**Extracted data**
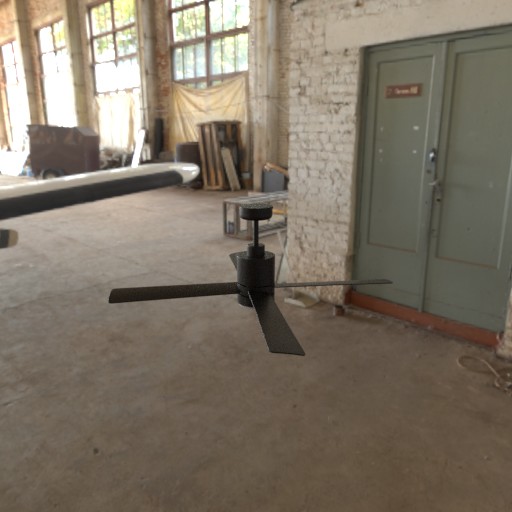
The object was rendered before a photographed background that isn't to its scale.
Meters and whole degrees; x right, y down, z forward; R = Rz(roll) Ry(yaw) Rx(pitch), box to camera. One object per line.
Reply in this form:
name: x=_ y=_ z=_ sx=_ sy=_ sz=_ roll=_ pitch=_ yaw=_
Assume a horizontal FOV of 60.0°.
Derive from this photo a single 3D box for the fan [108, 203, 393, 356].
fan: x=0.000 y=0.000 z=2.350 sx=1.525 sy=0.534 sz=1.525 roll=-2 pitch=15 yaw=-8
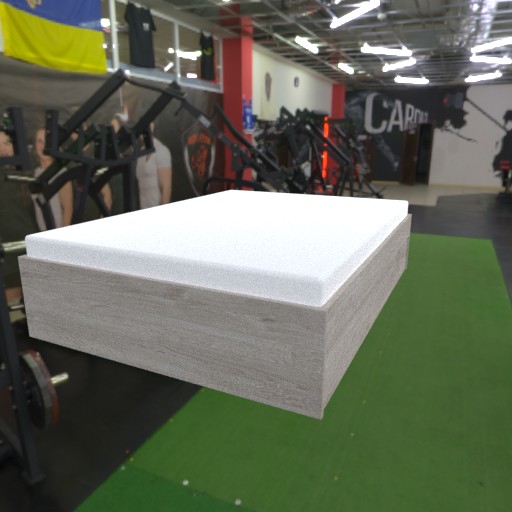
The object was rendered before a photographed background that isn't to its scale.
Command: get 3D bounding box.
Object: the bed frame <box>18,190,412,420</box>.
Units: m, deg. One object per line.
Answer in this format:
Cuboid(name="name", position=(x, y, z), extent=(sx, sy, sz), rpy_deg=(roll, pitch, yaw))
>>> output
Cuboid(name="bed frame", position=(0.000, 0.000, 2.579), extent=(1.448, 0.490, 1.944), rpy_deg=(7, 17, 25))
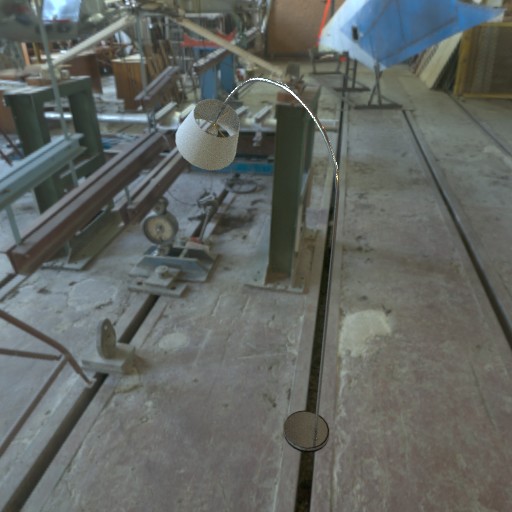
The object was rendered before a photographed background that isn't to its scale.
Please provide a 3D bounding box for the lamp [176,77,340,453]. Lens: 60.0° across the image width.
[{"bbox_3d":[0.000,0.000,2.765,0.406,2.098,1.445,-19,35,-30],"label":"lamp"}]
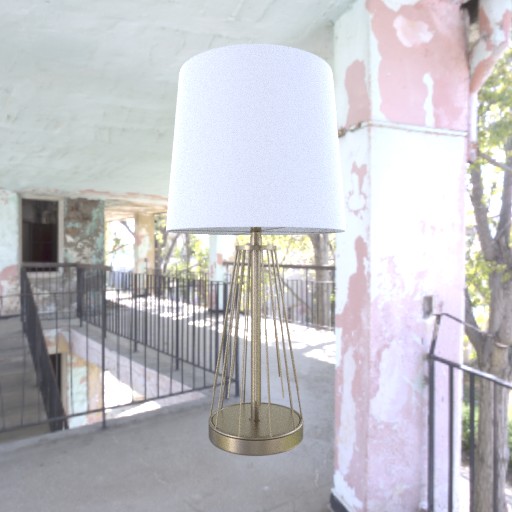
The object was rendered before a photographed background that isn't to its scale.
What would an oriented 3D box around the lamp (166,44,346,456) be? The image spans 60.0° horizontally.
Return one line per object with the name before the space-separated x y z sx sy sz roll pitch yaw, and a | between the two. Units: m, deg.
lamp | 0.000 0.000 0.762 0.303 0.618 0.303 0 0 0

---

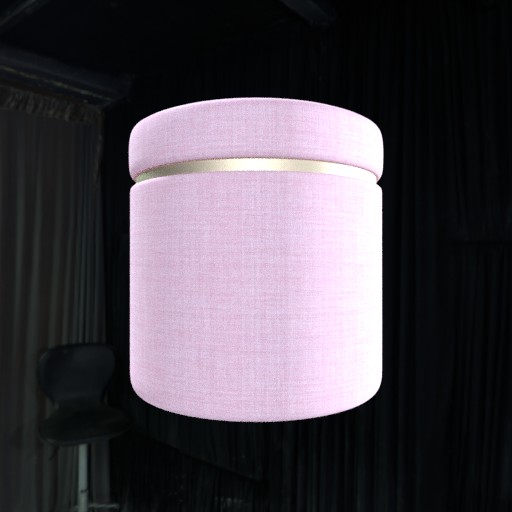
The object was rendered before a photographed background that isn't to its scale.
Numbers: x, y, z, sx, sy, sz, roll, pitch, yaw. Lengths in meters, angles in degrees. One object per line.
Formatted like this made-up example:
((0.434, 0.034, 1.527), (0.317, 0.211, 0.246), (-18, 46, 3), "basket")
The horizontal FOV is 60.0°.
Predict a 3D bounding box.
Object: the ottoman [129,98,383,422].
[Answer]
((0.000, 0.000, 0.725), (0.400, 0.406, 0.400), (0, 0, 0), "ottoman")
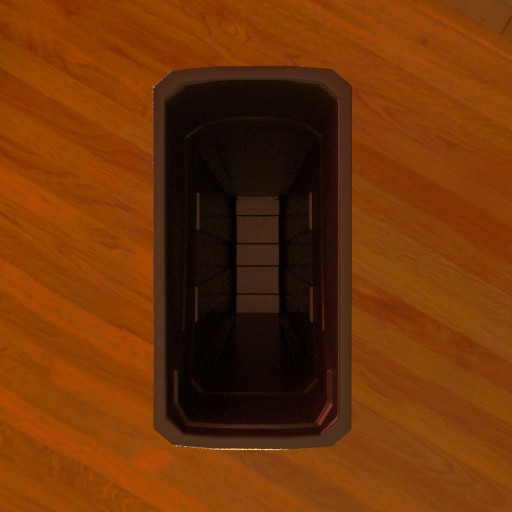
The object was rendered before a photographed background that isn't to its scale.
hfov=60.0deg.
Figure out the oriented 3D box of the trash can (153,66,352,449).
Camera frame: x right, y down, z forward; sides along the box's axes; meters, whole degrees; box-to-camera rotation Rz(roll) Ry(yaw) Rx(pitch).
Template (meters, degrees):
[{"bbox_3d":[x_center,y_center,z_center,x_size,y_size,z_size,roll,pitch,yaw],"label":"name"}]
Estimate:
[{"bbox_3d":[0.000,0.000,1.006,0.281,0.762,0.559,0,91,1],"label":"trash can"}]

**Action item**
Which lines above contain the word "down"? Copy all of them.

**Response to the exercise**
Meters and whole degrees; x right, y down, z forward; R = Rz(roll) Ry(yaw) Rx(pitch), box to camera. One object per line.
Camera frame: x right, y down, z forward; sides along the box's axes; meters, whole degrees; box-to-camera rotation Rz(roll) Ry(yaw) Rx(pitch).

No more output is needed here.